The hybrid method has been developed to calculate the embodied ecological elements of a variety of goods and services, e.g., carbon emissions of an individual building (
Chen et al., 2010;
Chen et al., 2011a), the nonrenewable energy cost and greenhouse gas emissions of a solar power tower plant (
Chen et al., 2011d) or a wind power plant (
Chen et al., 2011c), ecological systems (
Li et al., 2012;
Chen et al., 2011b), and even greenhouse gas emissions by Macao (
Li and Chen, 2013 ; Li et al., 2013). In analogous fashion, the hybrid method is appropriate to calculate the embodied exergy of a target product. Moreover, to our knowledge, this is the first systematic accounting of embodied exergy used for the engineering of the building constructions.
Embodied exergy of a specific product or service is obtained by multiplying the quantity of raw material by its embodied intensities.
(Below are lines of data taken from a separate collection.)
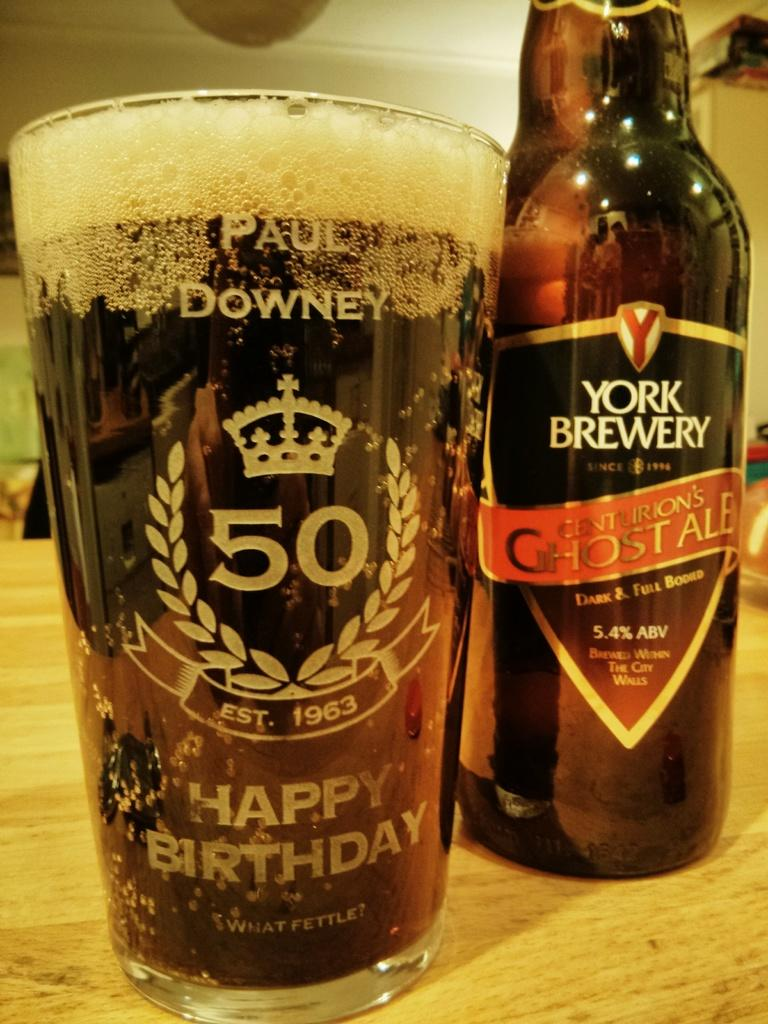Provide a one-sentence caption for the provided image. A cup of beer that says happy birthday on it. 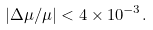Convert formula to latex. <formula><loc_0><loc_0><loc_500><loc_500>| \Delta \mu / \mu | < 4 \times 1 0 ^ { - 3 } .</formula> 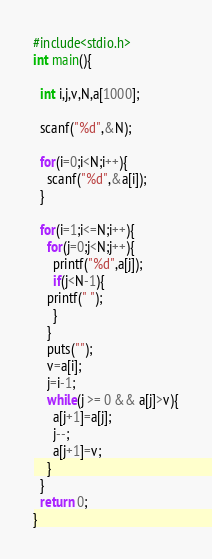<code> <loc_0><loc_0><loc_500><loc_500><_C_>#include<stdio.h>
int main(){

  int i,j,v,N,a[1000];

  scanf("%d",&N);

  for(i=0;i<N;i++){
    scanf("%d",&a[i]);
  }

  for(i=1;i<=N;i++){ 
    for(j=0;j<N;j++){
      printf("%d",a[j]);
      if(j<N-1){
	printf(" ");
      }
    }
    puts("");
    v=a[i];
    j=i-1;
    while(j >= 0 && a[j]>v){
      a[j+1]=a[j];
      j--;
      a[j+1]=v;
    }
  }
  return 0;
}</code>

Many contributions have been made from recent studies on embodied exergy intensity. At the national scale, Zhou presented two embodied exergy databases for China: one covering 151 goods in 1992 based on Material Products System and the other covering 42 industrial sectors in 2002 based on the economic input-output table (
Zhou, 2008). Chen and Chen (
2010)provided a database covering 135 industrial sectors for the 2007 Chinese economy, accounting for 37 sources of four natural resource groups evaluated by exergy. At the regional scale, Zhou et al. (
2010) provided a database for Beijing in 2002, accounting for 27 sources in three natural resource groups evaluated by exergy.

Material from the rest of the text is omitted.